Dear Director Feltri,
When an newsstand closes everything it becomes saddest. The road, the neighborhood, the city is sad. It is a sadness that expands like magnetic waves and penetrates in every heart involving all that part of the universe that lives on culture, knowing, love and peace. A newsstand that closes you almost like when a poet dies, when you see a burnt tree, a beaten child, a mistreated animal, a family that breaks, a friend who deceives you, a ungrateful son, a hungry man, a bum he sleeps on a cardboard, the corpse of the clandestine who was looking for freedom and work in a new homeland. When a newsstand closes it becomes sad as when you see the injustices of that part of the bad world that lives only for the god-adenaro, as when you read that the old hospitalized in a nursing home are mistreated, that those such politicians have stolen, that those servants of the state have betrayed their oath of fidelity, that there is a youth desperately looking for work while every day they close by the street. workers. When an newsstand closes is like a beautiful fairy tale that ends and you realize that the number of those who can no longer live “happy and happy” increasingly increases!
Raffaele Pisani
Dear Raffaele,
I interpret to perfection, although in a much more poetic way, my thoughts, indeed my feeling, which I often share, especially with my wife Enoe, who complains about the closure of the newsstands in our neighborhood, northern area of Milan. Since we have lived here, only for a few years, there are several those who have sealed their doors, so that being able to buy the newspapers in the morning has become an impossible feat. Between 2020 and 2024 there were 2700 newsstands closed throughout Italy (Unioncamere report), there were 129 in Milan. They are the numbers of a massacre, the massacre of newspapers. And you see these metal carcasses on the street, these empty boxes, which once exhibited magazines of all kinds and stopped there, teenagers and children, men and women, even just to browse. Yes, the newsstand was a pivot around which the neighborhood community revolved, life, sociability. Going to the newsstand was daily activity. A ritual? Perhaps, like that of coffee. Certainly a dear habit, to put aside that, that is, to give up, it even entailed suffering, as your letter testifies. It is said that “it is worth closing since no one reads the newspapers and we all informed about the network”, although approximately, but it is also true that many people, like you, like me, who had the use of getting the paper, when the newsstand a stone’s throw has been declared finished, has no longer had the opportunity to buy and read their favorite newspaper. We had to organize in some way to make up for this lack, to solve this disservice, to be able to fill this void. When I see the closed newsstands, a profound sadness assails me as I realize that it is the sunset of an era that was happy for me, an era in which it was read, we informed ourselves, we were preserved healthy and virtuous uses, we participated, since making themselves educts about what happens in the world and in our country or in our city is also and above all to make itself active citizens, civil beings. Yes, a form of active participation, which decreases every time that another newsstand still, yet another, undergoes the definitive lowering of the gate.
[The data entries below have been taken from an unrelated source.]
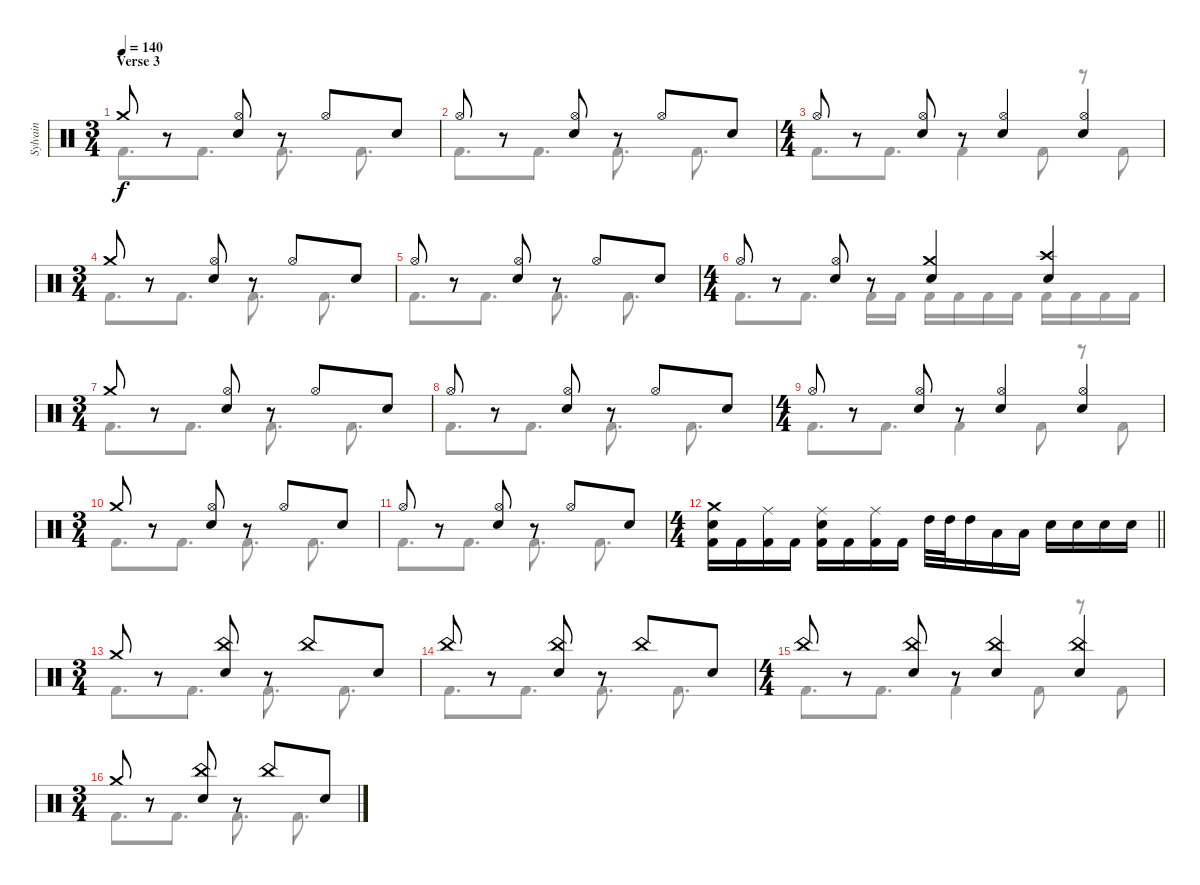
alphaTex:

\track ("Sylvain" "Sylvain") {instrument percussion}
\staff {score}
\articulation defaults
\voice
\ts (3 4)
\section ("" "Verse 3")
\tempo 140
\clef neutral
\ks c "Crash medium (hit)".8{dy f}
r.8 ("Hi-Hat (open)" "Snare (hit) 2").8 r.8 "Hi-Hat (open)".8 "Snare (hit) 2".8 |
"Hi-Hat (open)".8 r.8 ("Hi-Hat (open)" "Snare (hit) 2").8 r.8 "Hi-Hat (open)".8 "Snare (hit) 2".8 |
\ts (4 4)
"Hi-Hat (open)".8 r.8 ("Hi-Hat (open)" "Snare (hit) 2").8 r.8 ("Hi-Hat (open)" "Snare (hit) 2").4 ("Hi-Hat (open)" "Snare (hit) 2").4 |
\ts (3 4)
"Crash medium (hit)".8 r.8 ("Hi-Hat (open)" "Snare (hit) 2").8 r.8 "Hi-Hat (open)".8 "Snare (hit) 2".8 |
"Hi-Hat (open)".8 r.8 ("Hi-Hat (open)" "Snare (hit) 2").8 r.8 "Hi-Hat (open)".8 "Snare (hit) 2".8 |
\ts (4 4)
"Hi-Hat (open)".8 r.8 ("Hi-Hat (open)" "Snare (hit) 2").8 r.8 ("Crash medium (hit)" "Snare (hit) 2").4 ("Crash high (hit)" "Snare (hit) 2").4 |
\ts (3 4)
"Crash medium (hit)".8 r.8 ("Hi-Hat (open)" "Snare (hit) 2").8 r.8 "Hi-Hat (open)".8 "Snare (hit) 2".8 |
"Hi-Hat (open)".8 r.8 ("Hi-Hat (open)" "Snare (hit) 2").8 r.8 "Hi-Hat (open)".8 "Snare (hit) 2".8 |
\ts (4 4)
"Hi-Hat (open)".8 r.8 ("Hi-Hat (open)" "Snare (hit) 2").8 r.8 ("Hi-Hat (open)" "Snare (hit) 2").4 ("Hi-Hat (open)" "Snare (hit) 2").4 |
\ts (3 4)
"Crash medium (hit)".8 r.8 ("Hi-Hat (open)" "Snare (hit) 2").8 r.8 "Hi-Hat (open)".8 "Snare (hit) 2".8 |
"Hi-Hat (open)".8 r.8 ("Hi-Hat (open)" "Snare (hit) 2").8 r.8 "Hi-Hat (open)".8 "Snare (hit) 2".8 |
\ts (4 4)
\barLineRight lightlight
("Crash medium (hit)" "Snare (hit) 2" "Kick (hit) 2").16 "Kick (hit) 2".16 ("Ride (middle)" "Kick (hit) 2").16 "Kick (hit) 2".16 ("Ride (middle)" "Snare (hit) 2" "Kick (hit) 2").16 "Kick (hit) 2".16 ("Ride (middle)" "Kick (hit) 2").16 "Kick (hit) 2".16 "High Tom (hit)".32 "High Tom (hit)".32 "High Tom (hit)".16 "Low Tom (hit)".16 "Low Tom (hit)".16 "Snare (hit) 2".16 "Snare (hit) 2".16 "Snare (hit) 2".16 "Snare (hit) 2".16 |
\ts (3 4)
"Crash medium (hit)".8 r.8 ("China (hit)" "Snare (hit) 2").8 r.8 "China (hit)".8 "Snare (hit) 2".8 |
"China (hit)".8 r.8 ("China (hit)" "Snare (hit) 2").8 r.8 "China (hit)".8 "Snare (hit) 2".8 |
\ts (4 4)
"China (hit)".8 r.8 ("China (hit)" "Snare (hit) 2").8 r.8 ("China (hit)" "Snare (hit) 2").4 ("China (hit)" "Snare (hit) 2").4 |
\ts (3 4)
"Crash medium (hit)".8 r.8 ("China (hit)" "Snare (hit) 2").8 r.8 "China (hit)".8 "Snare (hit) 2".8
\voice
\clef neutral
\ottava regular
\simile none
\ks c "Kick (hit) 2".8{d dy f} "Kick (hit) 2".8{d} "Kick (hit) 2".8{d} "Kick (hit) 2".8{d}
|
"Kick (hit) 2".8{d} "Kick (hit) 2".8{d} "Kick (hit) 2".8{d} "Kick (hit) 2".8{d} |
"Kick (hit) 2".8{d} "Kick (hit) 2".8{d} "Kick (hit) 2".4 "Kick (hit) 2".8 r.8 "Kick (hit) 2".8 |
"Kick (hit) 2".8{d} "Kick (hit) 2".8{d} "Kick (hit) 2".8{d} "Kick (hit) 2".8{d} |
"Kick (hit) 2".8{d} "Kick (hit) 2".8{d} "Kick (hit) 2".8{d} "Kick (hit) 2".8{d} |
"Kick (hit) 2".8{d} "Kick (hit) 2".8{d} "Kick (hit) 2".16 "Kick (hit) 2".16 "Kick (hit) 2".16 "Kick (hit) 2".16 "Kick (hit) 2".16 "Kick (hit) 2".16 "Kick (hit) 2".16 "Kick (hit) 2".16 "Kick (hit) 2".16 "Kick (hit) 2".16 |
"Kick (hit) 2".8{d} "Kick (hit) 2".8{d} "Kick (hit) 2".8{d} "Kick (hit) 2".8{d} |
"Kick (hit) 2".8{d} "Kick (hit) 2".8{d} "Kick (hit) 2".8{d} "Kick (hit) 2".8{d} |
"Kick (hit) 2".8{d} "Kick (hit) 2".8{d} "Kick (hit) 2".4 "Kick (hit) 2".8 r.8 "Kick (hit) 2".8 |
"Kick (hit) 2".8{d} "Kick (hit) 2".8{d} "Kick (hit) 2".8{d} "Kick (hit) 2".8{d} |
"Kick (hit) 2".8{d} "Kick (hit) 2".8{d} "Kick (hit) 2".8{d} "Kick (hit) 2".8{d} |
\barLineRight lightlight
|
"Kick (hit) 2".8{d} "Kick (hit) 2".8{d} "Kick (hit) 2".8{d} "Kick (hit) 2".8{d} |
"Kick (hit) 2".8{d} "Kick (hit) 2".8{d} "Kick (hit) 2".8{d} "Kick (hit) 2".8{d} |
"Kick (hit) 2".8{d} "Kick (hit) 2".8{d} "Kick (hit) 2".4 "Kick (hit) 2".8 r.8 "Kick (hit) 2".8 |
"Kick (hit) 2".8{d} "Kick (hit) 2".8{d} "Kick (hit) 2".8{d} "Kick (hit) 2".8{d}

But closed newsstands also mark the dawn of a new era, the one in which everything takes place in an virtual elsewhere in which we move as zombies and people no longer meet, that is, people no longer place each other in front of the other.
We do not touch the newspapers and we no longer touch other human beings. Everything is lived with some filters, screen, protection.
The thing a little terrifies me. Where are we going? Where will we arrive? Isn’t this abdication to our humanity?